1. Model Introduction
(1). The initial motivation for association rule is Market Basket Analysis. This process is to discover the association between different products that customers put in the “shopping basket”, and analyze the shopping habits that customers purchase different products frequently at the same time. Similarly, we use association rule to discover the relationship between users based on their interaction. Based on any of the three association rules: support, confidence, and lift, the relationship coefficient is calculated to screen out important relationship combinations. The larger the coefficient value, the more frequent the interaction and the closer the relationship, the smaller the coefficient value, the less the interaction and more distant the relationship.
(2). Statistical indicators
a. Node Degree: The node degree refers to the number of edges associated with the node, also known as the degree of association.
b. Degree Centrality: The total amount of direct connections between a node and other nodes, normalized by the maximum possible degree. Due to the existence of cycles, this value may be bigger than 1. In a directed graph, the in-center degree (or in-degree) and the out-of-center degree (or out-degree) of the points are divided according to the direction of the connection. It measures the individual value of the node.
c. Closeness Centrality: the reciprocal of the sum of the distances from the node to all other nodes, normalized by the minimum distance. It reflects the closeness of the node to other nodes, the greater the closeness centrality value, the faster to reach other nodes. It measures the value of the node’s network.
d. Betweenness Centrality: the number of shortest paths passing through a node, normalized by the largest possible value. It measures the ability of a node to adjust between other nodes.
e. Co-occurrence: the number of times two nodes appear together.

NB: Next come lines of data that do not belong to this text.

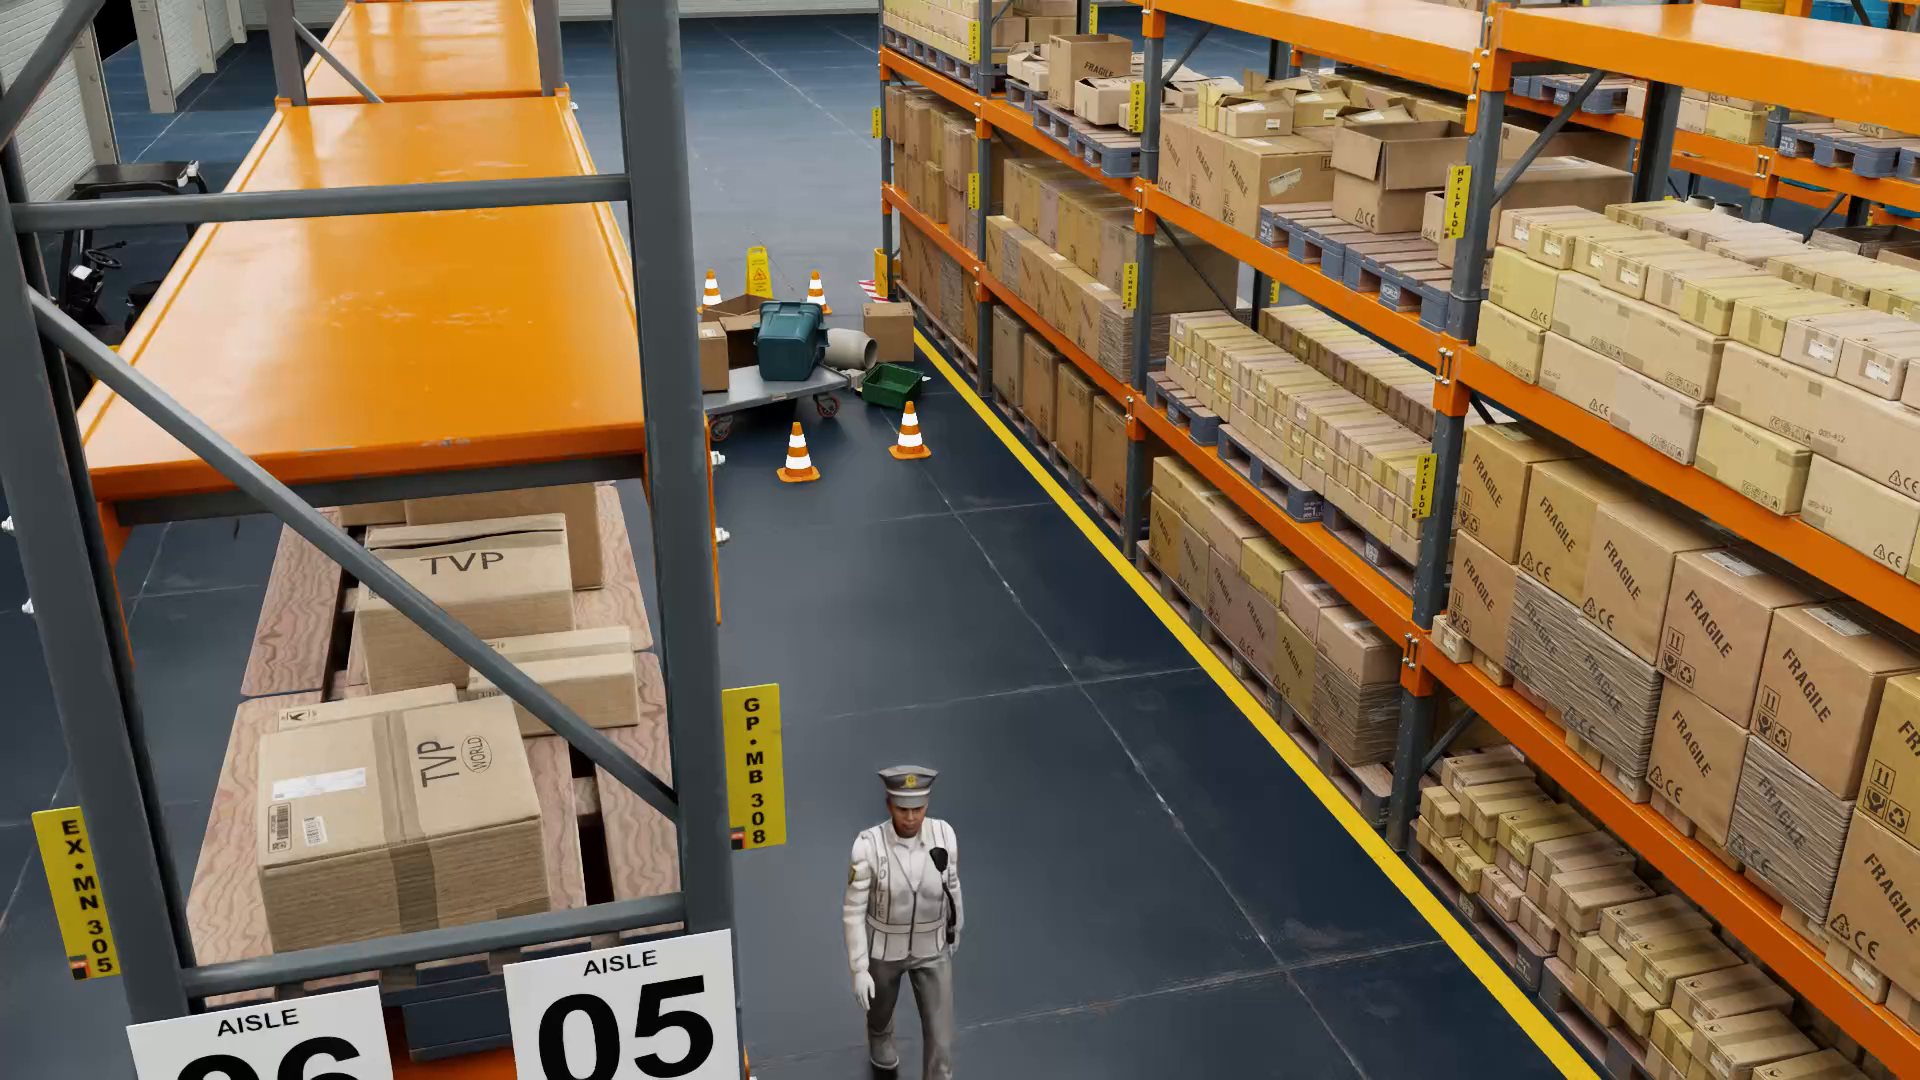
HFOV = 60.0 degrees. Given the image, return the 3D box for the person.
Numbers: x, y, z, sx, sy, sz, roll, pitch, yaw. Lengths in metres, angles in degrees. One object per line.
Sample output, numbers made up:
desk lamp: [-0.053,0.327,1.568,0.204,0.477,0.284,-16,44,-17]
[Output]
person: [-0.208,1.654,6.699,0.523,1.622,1.003,-4,23,-9]

f. Network Density: is used to describe the density of interconnected edges between nodes in the network. It is commonly used in social networks to measure the density of social relationships and the evolutionary trend.
(3). Word classification (community structure)
In the study of complex networks, a network is said to have community structure if the nodes of the network can be easily grouped into (potentially overlapping) sets of nodes such that each set of nodes is densely connected internally. In the particular case of non-overlapping community finding, this implies that the network divides naturally into groups of nodes with dense connections internally and sparser connections between groups. Based on the heuristic method of modularity optimization proposed by Vincent D. Blondel et al. in 2008. See details:
2. R&D Bases
(1). Wang Gonghui, Liu Weijiang. Are based on keywords of the text information analysis method and its application – An example of credit rating. Sciencepaper Online. 2010.
3. Algorithm Description
Association rules:
(1) Support: the ratio of the number of relations that contain both character A and character B to the number of all relations in the set.
(2) Confidence: the ratio of the number of relations that contain both character A and character B to the number of relations that contain character A in the set (conditional probability).
(3) Lift: the probability of whether the number of co-occurrences is higher than appearing alone in the relation set after applying the rule.
4. Restrictions and Limitations
More user nodes will generate more arbitrary combinations between users and the longer calculation time, therefore the requirements for computing resources will increase accordingly. The process is to calculate the relationship coefficient of any pair of combinations, and filter the important combinations based on the association rules. The current upper limit for output display is 1000 groups of user relationship combinations.